Satellite passive microwave (PM) sensors have provided information regarding the SIC since the 1970s by observing the microwave radiation characteristics of sea ice and open water [1,16]. The Special Sensor Microwave Imager/Sounder (SSMIS) and Advanced Microwave Scanning Radiometer 2 (AMSR2) are representative PM sensors that are currently observing sea ice and have been operated since 2008 and 2012, respectively [17,18,19]. For the operational estimation of SIC from the SSMIS measurements of brightness temperatures, the NASA Team (NT) [20] and Bootstrap (BT) [1,21] algorithms were developed. These algorithms use the brightness temperatures (T_B), a measure of the emitted radiance of microwave radiation from the surface, measured at 19 and 37 GHz channels to produce SIC with a grid spacing of a few kilometers or tens of kilometers, which is attributed to the instantaneous field of view (IFOV) of the used channels. For the AMSR2, the BT and Arctic Radiation and Turbulence Interaction STudy (ARTIST) Sea Ice (ASI) [22] algorithms have been used as operational SIC estimation algorithms. The ASI algorithm uses the 89 GHz channel, which has a smaller IFOV than lower-frequency channels and provides information on SIC with a grid spacing of 3.125 km to 12.5 km thanks to the fine IFOV. In addition to the above algorithms, many SIC estimation algorithms have been developed and applied for various satellite PM sensors. The existing algorithms estimate SIC by considering the different microwave emissivities between sea ice and open water. Most algorithms have shown good performance in estimating SIC in winter and in highly ice-concentrated regions [16,20,21,23,24].

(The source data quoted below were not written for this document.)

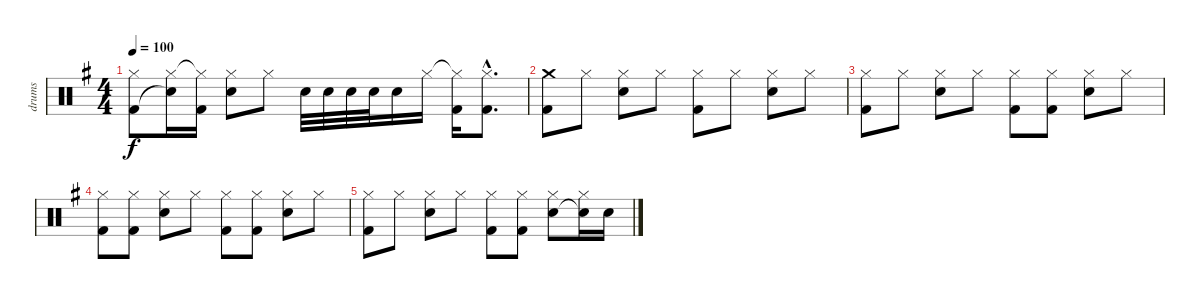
\track ("drums" "drums") {instrument percussion}
\staff {score}
\articulation defaults
\ts (4 4)
\tempo 100
\clef neutral
\ks g
("Hi-Hat (closed)" "Kick (hit) 2").8{dy f} ("Hi-Hat (closed)" "Snare (hit)"{t}).16 ("Hi-Hat (closed)"{t} "Kick (hit) 2").16 ("Hi-Hat (closed)" "Snare (hit) 2").8 "Hi-Hat (closed)".8 "Snare (hit) 2".32 "Snare (hit) 2".32 "Snare (hit) 2".32 "Snare (hit) 2".32 "Snare (hit) 2".16 "Hi-Hat (closed)".16 ("Hi-Hat (closed)"{t} "Kick (hit) 2").16 ("Hi-Hat (closed)"{hac} "Kick (hit) 2"{hac}).8{d} |
("Crash medium (hit)" "Kick (hit) 2").8 "Hi-Hat (closed)".8 ("Hi-Hat (closed)" "Snare (hit) 2").8 "Hi-Hat (closed)".8 ("Hi-Hat (closed)" "Kick (hit) 2").8 "Hi-Hat (closed)".8 ("Hi-Hat (closed)" "Snare (hit) 2").8 "Hi-Hat (closed)".8 |
("Hi-Hat (closed)" "Kick (hit) 2").8 "Hi-Hat (closed)".8 ("Hi-Hat (closed)" "Snare (hit) 2").8 "Hi-Hat (closed)".8 ("Hi-Hat (closed)" "Kick (hit) 2").8 ("Hi-Hat (closed)" "Kick (hit) 2").8 ("Hi-Hat (closed)" "Snare (hit) 2").8 "Hi-Hat (closed)".8 |
("Hi-Hat (closed)" "Kick (hit) 2").8 ("Hi-Hat (closed)" "Kick (hit) 2").8 ("Hi-Hat (closed)" "Snare (hit) 2").8 "Hi-Hat (closed)".8 ("Hi-Hat (closed)" "Kick (hit) 2").8 ("Hi-Hat (closed)" "Kick (hit) 2").8 ("Hi-Hat (closed)" "Snare (hit) 2").8 "Hi-Hat (closed)".8 |
("Hi-Hat (closed)" "Kick (hit) 2").8 "Hi-Hat (closed)".8 ("Hi-Hat (closed)" "Snare (hit) 2").8 "Hi-Hat (closed)".8 ("Hi-Hat (closed)" "Kick (hit) 2").8 ("Hi-Hat (closed)" "Kick (hit) 2").8 ("Hi-Hat (closed)" "Snare (hit) 2").8 ("Hi-Hat (closed)" "Snare (hit)"{t}).16 "Snare (hit) 2".16

In summer, however, the algorithms typically estimate SIC inaccurately because atmospheric effects such as high water content, strong winds, and high air temperature can make the difference between the microwave radiation characteristics of sea ice and open water small [1,23,25,26,27]. The sea ice surface melts in summer due to the increasing air temperature, which leads to varying the ice emissivity in the microwave range that makes it similar to open water. The atmospheric water content in summer, which is relatively higher than winter, can make the atmospheric signal over the sea ice more dominant relative to the surface signal in microwave range and cause the PM SIC algorithms to produce inaccurate SIC values [25,26]. Furthermore, the surface of open water can be roughened by strong winds. The wind-roughened open water surface can increase the T_B over open water, which can be a source of the overestimation of SIC from the PM observations. [25]. The area of open water increases greatly in summer, and erroneous SIC values could be estimated for a wider area than other seasons by the PM SIC algorithms. Andersen et al. [25] revealed that the values of SIC estimated from the PM SIC algorithms can vary greatly depending on atmospheric effects. The inaccuracy of the summer SIC values even varies from algorithm to algorithm [16,23], which acts as a hindrance to accurately analyzing the declining trends in the Arctic summer sea ice. The inaccuracy of summer Arctic SIC retrieved from the PM SIC algorithms was reported to be up to ±20% [26,28,29], which is closely related to the atmospheric contributions. To compensate for the atmospheric effects on the T_B values of sea ice and open water measured by the PM sensors, the SIC algorithms implement weather filters that use criteria based on combinations of T_B values [20,21,22,30]. However, large errors in summer PM SIC imply that the weather filters have limitations in terms of correcting the atmospheric contamination of T_B and suggest that it is difficult to estimate SIC accurately in summer using PM observations only.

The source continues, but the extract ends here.